WHAT YOU WILL DO: Look for the line that has "1050, 1157, 1391]" in the material below; please repeat it and every line after it, exactly, up to and including the line that has "table_cell τῇ δ’", and nothing else.

..............................

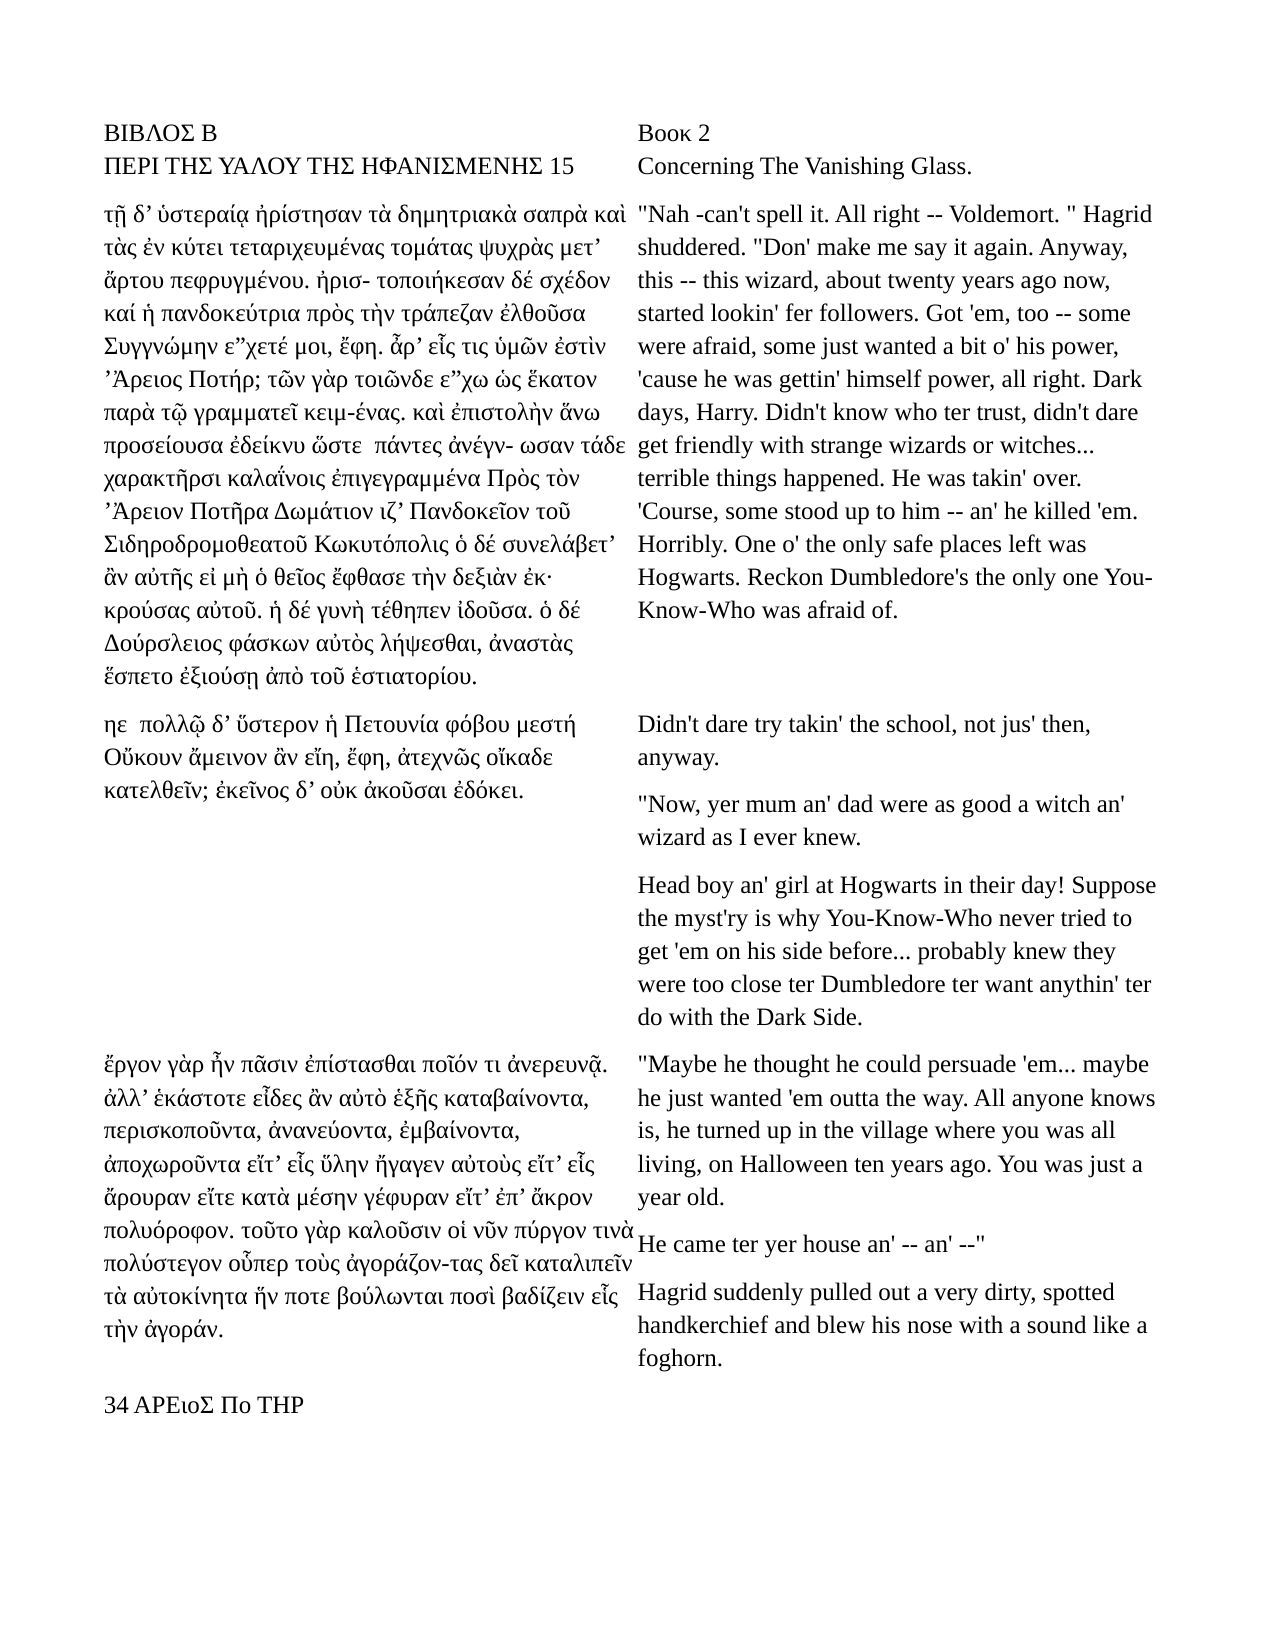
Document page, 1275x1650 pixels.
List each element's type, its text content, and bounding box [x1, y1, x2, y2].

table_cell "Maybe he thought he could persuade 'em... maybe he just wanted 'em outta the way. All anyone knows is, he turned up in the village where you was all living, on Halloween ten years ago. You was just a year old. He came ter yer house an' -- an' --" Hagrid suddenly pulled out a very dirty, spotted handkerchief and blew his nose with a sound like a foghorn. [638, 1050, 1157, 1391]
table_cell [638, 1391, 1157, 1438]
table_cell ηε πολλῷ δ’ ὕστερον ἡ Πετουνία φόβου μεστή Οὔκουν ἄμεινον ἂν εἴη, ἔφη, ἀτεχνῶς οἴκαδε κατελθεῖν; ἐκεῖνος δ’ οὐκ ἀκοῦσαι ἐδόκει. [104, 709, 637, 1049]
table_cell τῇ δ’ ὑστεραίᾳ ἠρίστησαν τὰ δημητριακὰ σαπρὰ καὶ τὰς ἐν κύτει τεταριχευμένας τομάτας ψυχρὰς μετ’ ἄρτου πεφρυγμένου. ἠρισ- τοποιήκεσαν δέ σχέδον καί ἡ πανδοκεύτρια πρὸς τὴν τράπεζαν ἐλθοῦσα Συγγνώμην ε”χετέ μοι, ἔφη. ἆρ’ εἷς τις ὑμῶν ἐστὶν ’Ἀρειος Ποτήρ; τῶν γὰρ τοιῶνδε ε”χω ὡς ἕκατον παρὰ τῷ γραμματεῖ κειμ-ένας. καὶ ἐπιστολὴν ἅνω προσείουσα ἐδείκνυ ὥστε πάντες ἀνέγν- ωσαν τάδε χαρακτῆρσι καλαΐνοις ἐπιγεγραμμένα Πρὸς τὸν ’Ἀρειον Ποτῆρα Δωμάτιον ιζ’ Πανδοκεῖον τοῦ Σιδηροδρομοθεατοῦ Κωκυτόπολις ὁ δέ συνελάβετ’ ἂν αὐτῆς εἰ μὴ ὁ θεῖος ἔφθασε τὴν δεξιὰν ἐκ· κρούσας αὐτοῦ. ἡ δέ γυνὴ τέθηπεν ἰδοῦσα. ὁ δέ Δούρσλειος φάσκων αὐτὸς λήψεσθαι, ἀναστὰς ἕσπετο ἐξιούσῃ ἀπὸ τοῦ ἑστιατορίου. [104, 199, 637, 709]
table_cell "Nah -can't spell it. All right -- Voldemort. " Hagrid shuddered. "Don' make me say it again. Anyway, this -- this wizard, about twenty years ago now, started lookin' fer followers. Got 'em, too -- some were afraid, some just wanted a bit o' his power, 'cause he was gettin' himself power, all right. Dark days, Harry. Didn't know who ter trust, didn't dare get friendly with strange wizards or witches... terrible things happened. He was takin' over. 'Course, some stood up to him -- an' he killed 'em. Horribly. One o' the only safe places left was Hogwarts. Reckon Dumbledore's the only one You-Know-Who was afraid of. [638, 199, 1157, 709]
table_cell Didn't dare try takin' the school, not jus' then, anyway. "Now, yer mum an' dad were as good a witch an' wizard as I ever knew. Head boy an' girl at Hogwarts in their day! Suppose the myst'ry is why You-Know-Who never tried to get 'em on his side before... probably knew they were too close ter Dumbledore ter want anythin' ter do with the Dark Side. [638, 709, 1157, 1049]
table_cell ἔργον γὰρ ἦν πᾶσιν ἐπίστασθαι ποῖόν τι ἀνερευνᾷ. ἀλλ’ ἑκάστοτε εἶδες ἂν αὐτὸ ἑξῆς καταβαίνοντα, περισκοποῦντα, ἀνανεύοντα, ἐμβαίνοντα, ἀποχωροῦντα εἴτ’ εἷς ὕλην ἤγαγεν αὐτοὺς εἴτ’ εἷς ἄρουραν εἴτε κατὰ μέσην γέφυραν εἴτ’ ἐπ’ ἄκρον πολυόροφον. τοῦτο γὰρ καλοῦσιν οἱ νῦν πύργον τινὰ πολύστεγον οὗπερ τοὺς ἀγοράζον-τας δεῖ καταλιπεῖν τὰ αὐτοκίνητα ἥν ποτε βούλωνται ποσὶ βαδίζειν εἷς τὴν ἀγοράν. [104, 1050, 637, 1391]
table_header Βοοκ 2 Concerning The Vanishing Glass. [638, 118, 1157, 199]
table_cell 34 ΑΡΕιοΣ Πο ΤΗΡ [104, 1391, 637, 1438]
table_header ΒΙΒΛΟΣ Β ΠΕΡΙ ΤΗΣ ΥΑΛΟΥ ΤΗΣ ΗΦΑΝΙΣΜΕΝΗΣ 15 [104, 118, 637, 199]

..............................

EXERCISE RESULT:
table_cell "Maybe he thought he could persuade 'em... maybe he just wanted 'em outta the way. All anyone knows is, he turned up in the village where you was all living, on Halloween ten years ago. You was just a year old. He came ter yer house an' -- an' --" Hagrid suddenly pulled out a very dirty, spotted handkerchief and blew his nose with a sound like a foghorn. [638, 1050, 1157, 1391]
table_cell [638, 1391, 1157, 1438]
table_cell ηε πολλῷ δ’ ὕστερον ἡ Πετουνία φόβου μεστή Οὔκουν ἄμεινον ἂν εἴη, ἔφη, ἀτεχνῶς οἴκαδε κατελθεῖν; ἐκεῖνος δ’ οὐκ ἀκοῦσαι ἐδόκει. [104, 709, 637, 1049]
table_cell τῇ δ’ ὑστεραίᾳ ἠρίστησαν τὰ δημητριακὰ σαπρὰ καὶ τὰς ἐν κύτει τεταριχευμένας τομάτας ψυχρὰς μετ’ ἄρτου πεφρυγμένου. ἠρισ- τοποιήκεσαν δέ σχέδον καί ἡ πανδοκεύτρια πρὸς τὴν τράπεζαν ἐλθοῦσα Συγγνώμην ε”χετέ μοι, ἔφη. ἆρ’ εἷς τις ὑμῶν ἐστὶν ’Ἀρειος Ποτήρ; τῶν γὰρ τοιῶνδε ε”χω ὡς ἕκατον παρὰ τῷ γραμματεῖ κειμ-ένας. καὶ ἐπιστολὴν ἅνω προσείουσα ἐδείκνυ ὥστε πάντες ἀνέγν- ωσαν τάδε χαρακτῆρσι καλαΐνοις ἐπιγεγραμμένα Πρὸς τὸν ’Ἀρειον Ποτῆρα Δωμάτιον ιζ’ Πανδοκεῖον τοῦ Σιδηροδρομοθεατοῦ Κωκυτόπολις ὁ δέ συνελάβετ’ ἂν αὐτῆς εἰ μὴ ὁ θεῖος ἔφθασε τὴν δεξιὰν ἐκ· κρούσας αὐτοῦ. ἡ δέ γυνὴ τέθηπεν ἰδοῦσα. ὁ δέ Δούρσλειος φάσκων αὐτὸς λήψεσθαι, ἀναστὰς ἕσπετο ἐξιούσῃ ἀπὸ τοῦ ἑστιατορίου. [104, 199, 637, 709]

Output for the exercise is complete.